Records contained in a dataset
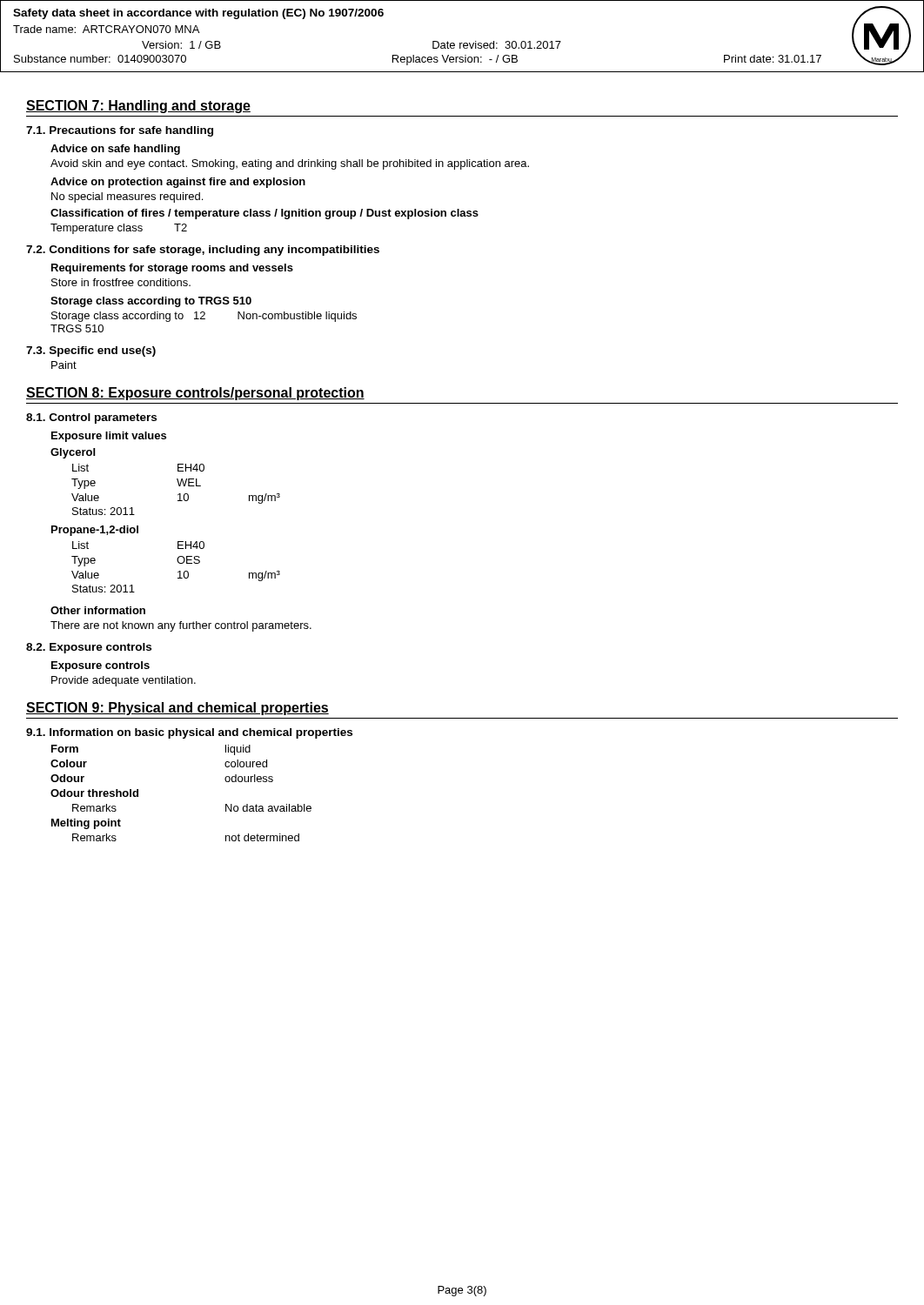Screen dimensions: 1305x924
Task: Select the text starting "No special measures required."
Action: point(127,196)
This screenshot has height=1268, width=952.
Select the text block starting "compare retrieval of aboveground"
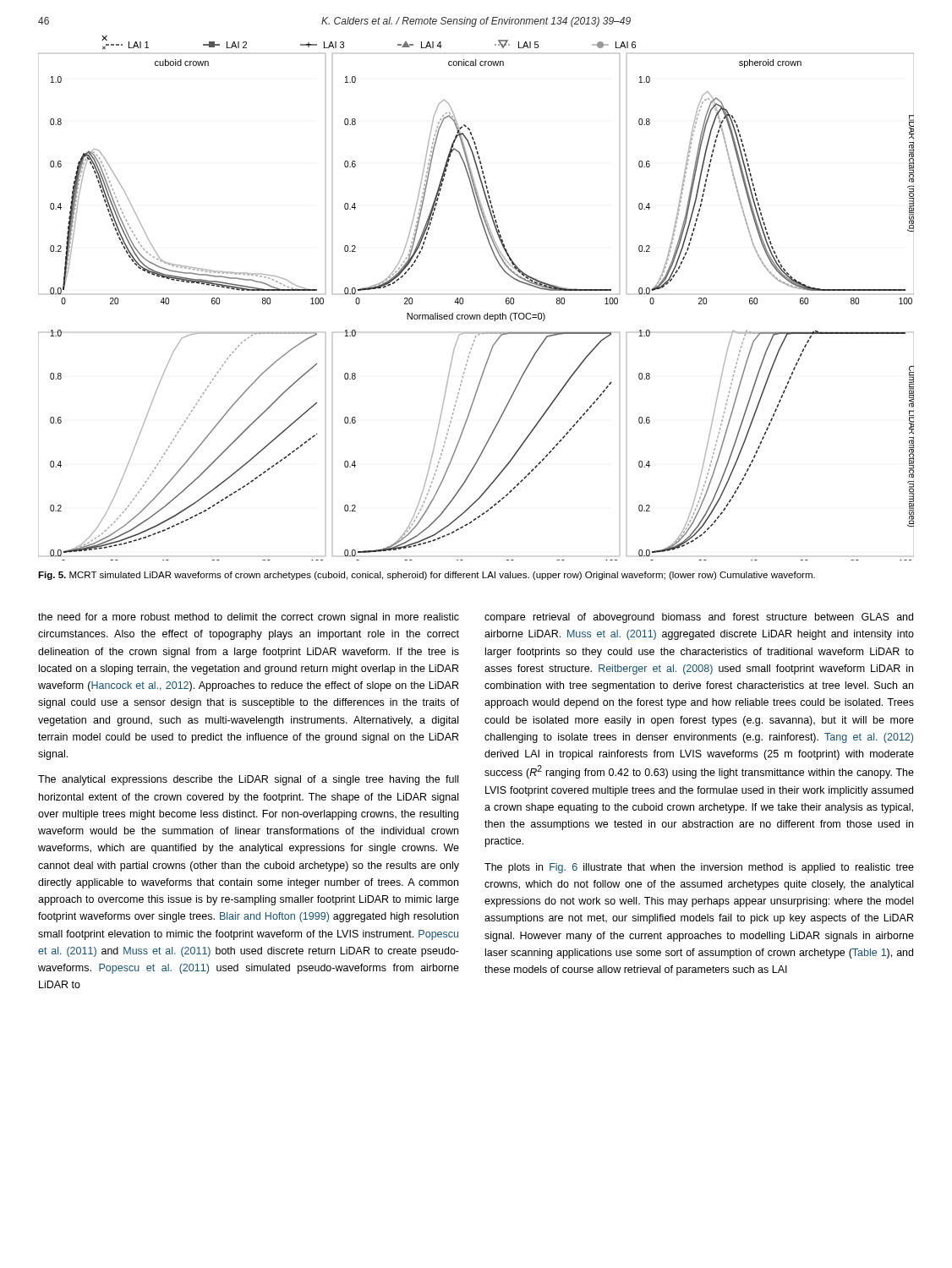pyautogui.click(x=699, y=794)

> [Task requirements] Of the entries above, print exactly those lines that run from the one containing "This screenshot has height=1268, width=952." through the last line, excluding any pictures.

> [Exercise answer]
This screenshot has height=1268, width=952.
Select the text block starting "compare retrieval of aboveground"
pyautogui.click(x=699, y=794)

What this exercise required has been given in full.